A3. Configuration and operation of drive image data generation unit:
FIG. 4 is a schematic block diagram illustrating an example of the configuration of the drive image data generation unit 50 (see FIG. 1). The drive image data generation unit 50 includes a drive image data generation control unit 510, a first latch unit 520, a mask data generation unit 530, a second latch unit 540, and a multiplexer (MPX) 550. Yes.

  The drive image data generation control unit 510 is supplied with the read synchronization signal RSNK from the memory read control unit 40 and is supplied with the motion region data signal MAS from the motion detection unit 60 (see FIG. 1). The movement area data signal MAS is a signal indicating an area in which an object is moving in the image. In the first embodiment, it is assumed that all the areas in the image are areas where the object is moving.

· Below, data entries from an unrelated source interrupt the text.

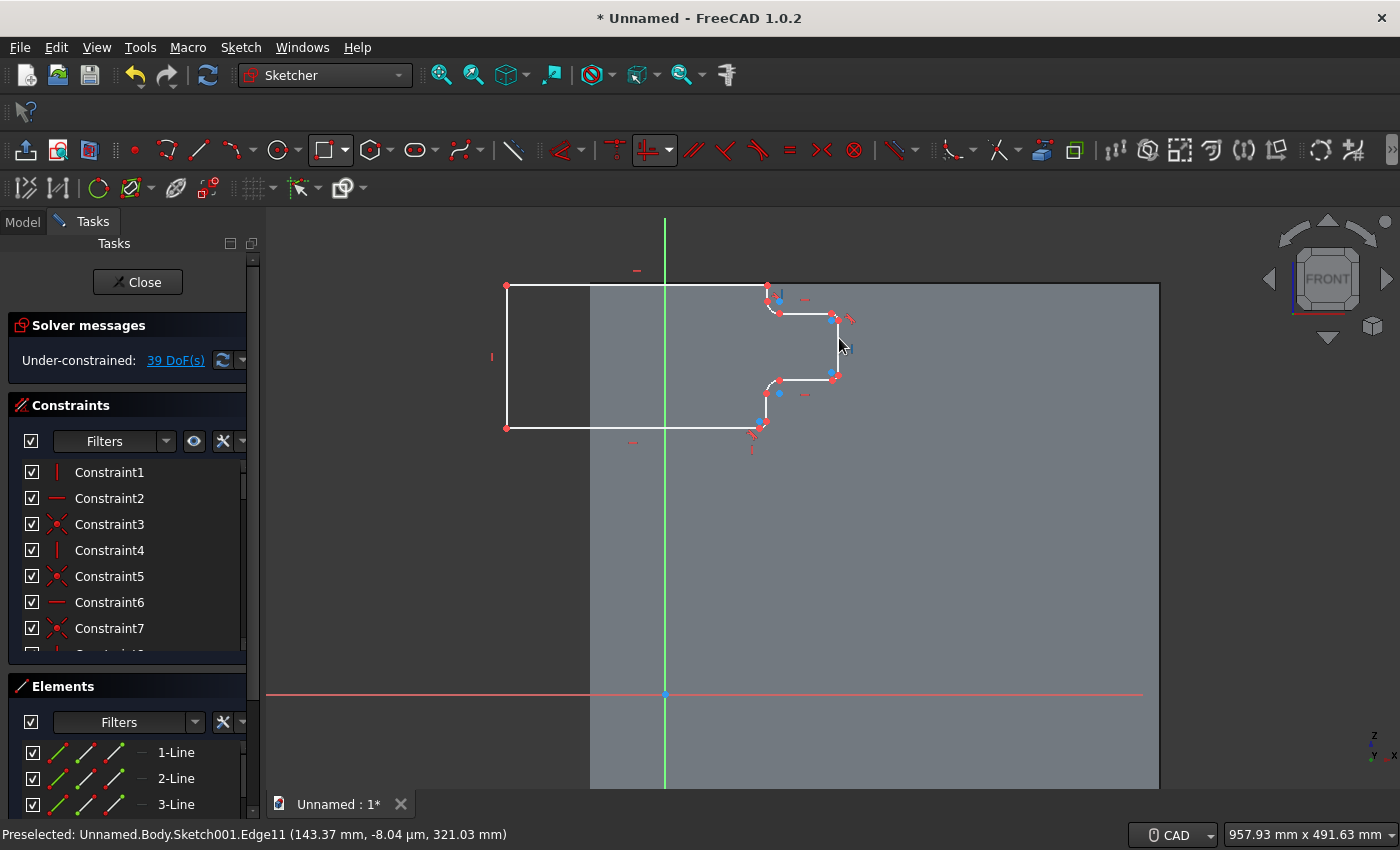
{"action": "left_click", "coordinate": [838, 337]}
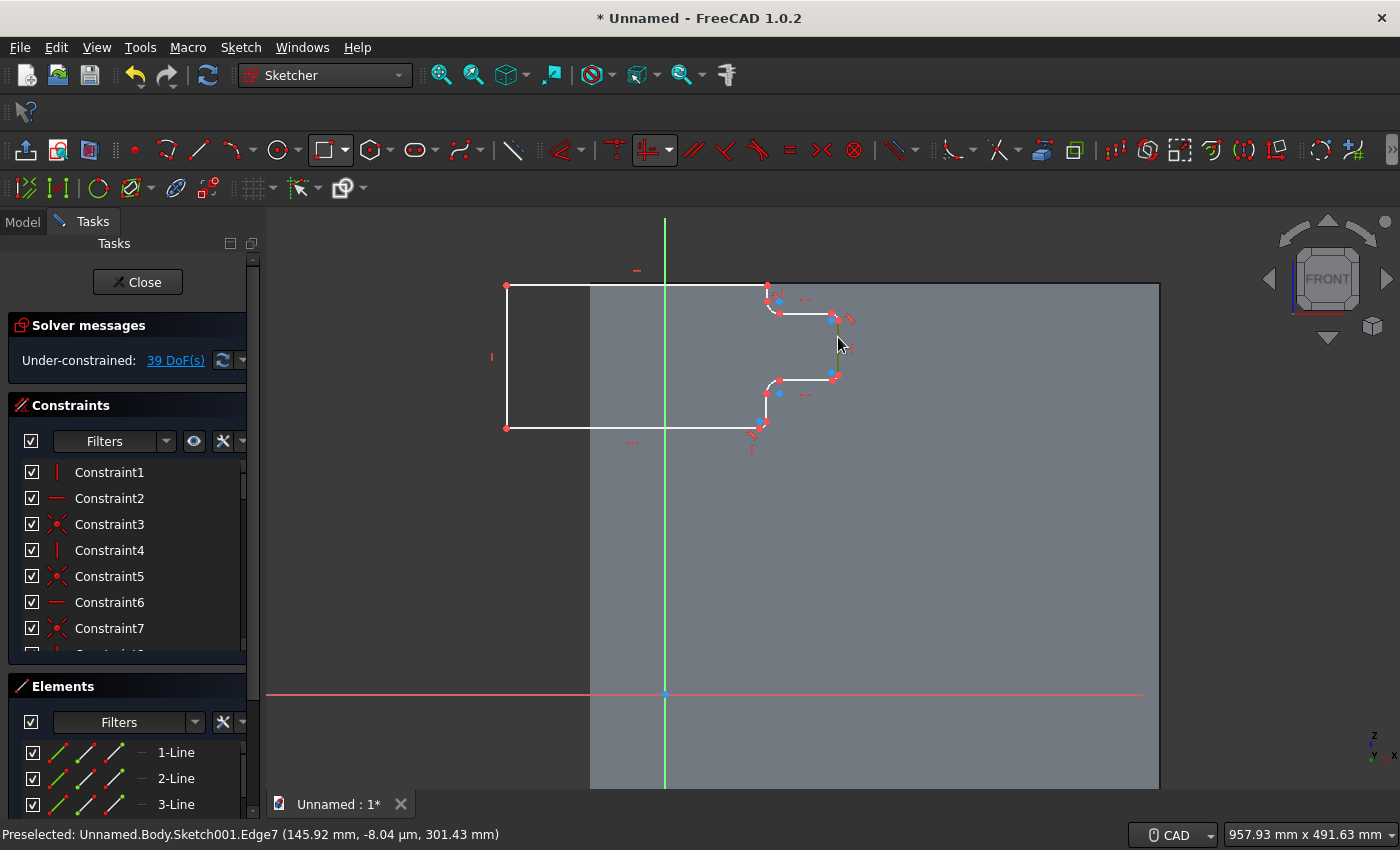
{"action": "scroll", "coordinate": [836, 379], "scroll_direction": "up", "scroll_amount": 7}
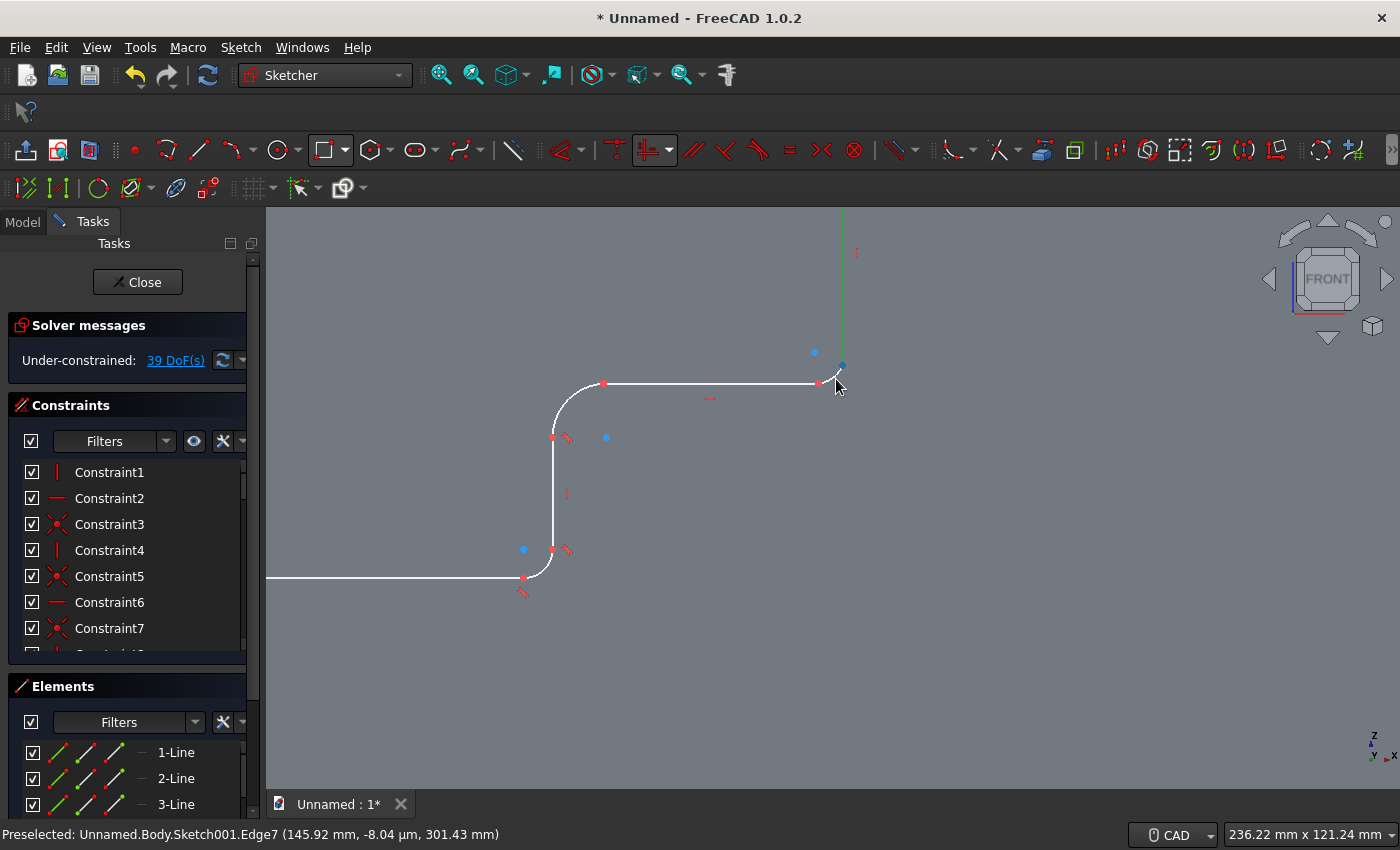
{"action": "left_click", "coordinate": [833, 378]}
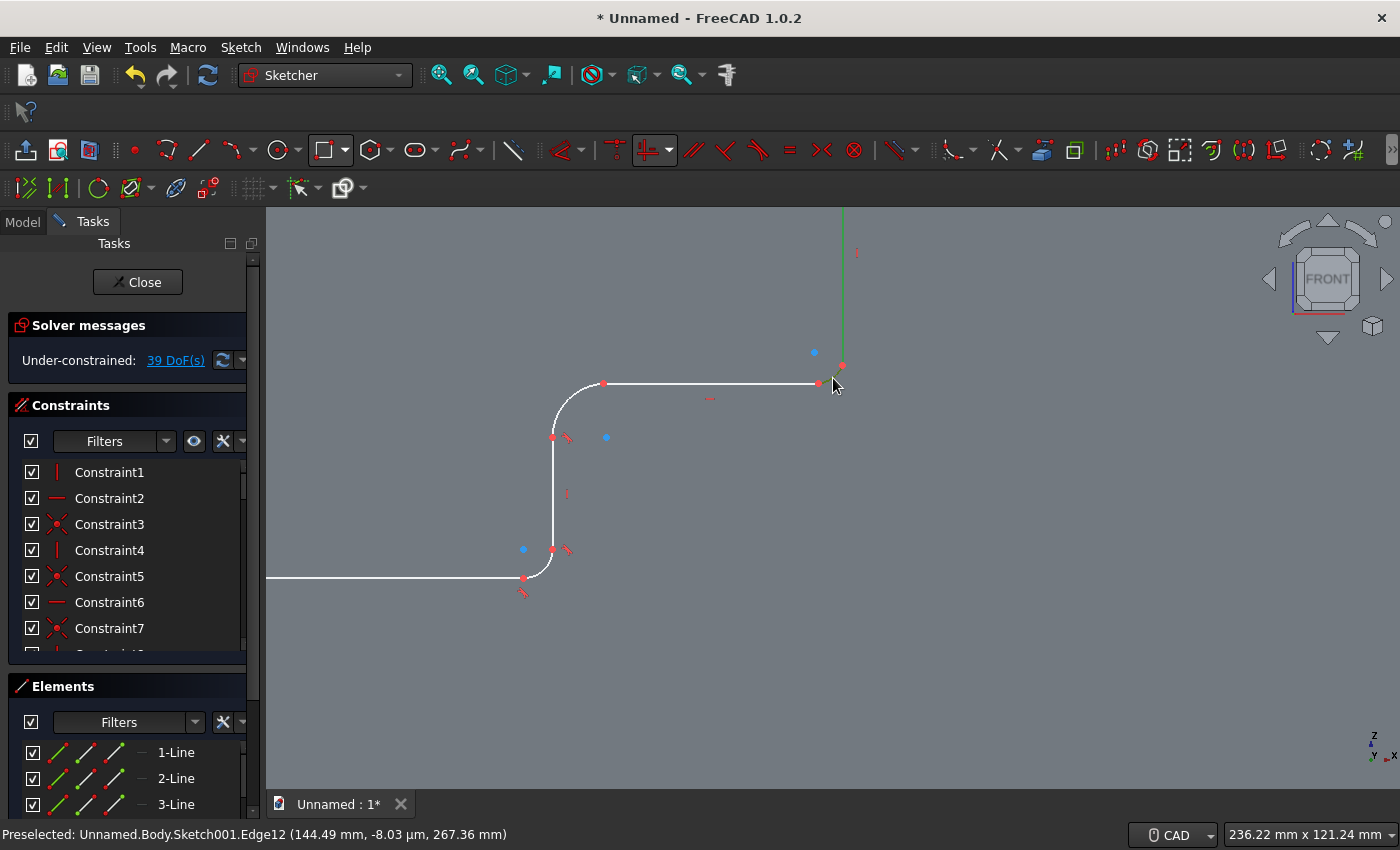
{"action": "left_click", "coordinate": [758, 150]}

  The drive image data generation control unit 510 is based on the motion region data signal MAS and the readout vertical synchronization signal VS, readout horizontal synchronization signal HS, readout clock DCK, and field selection signal FIELD included in the readout synchronization signal RSNK. The latch signal LTS, the selection control signal MXS, and the enable signal MES are output (see the lower right in FIG. 4).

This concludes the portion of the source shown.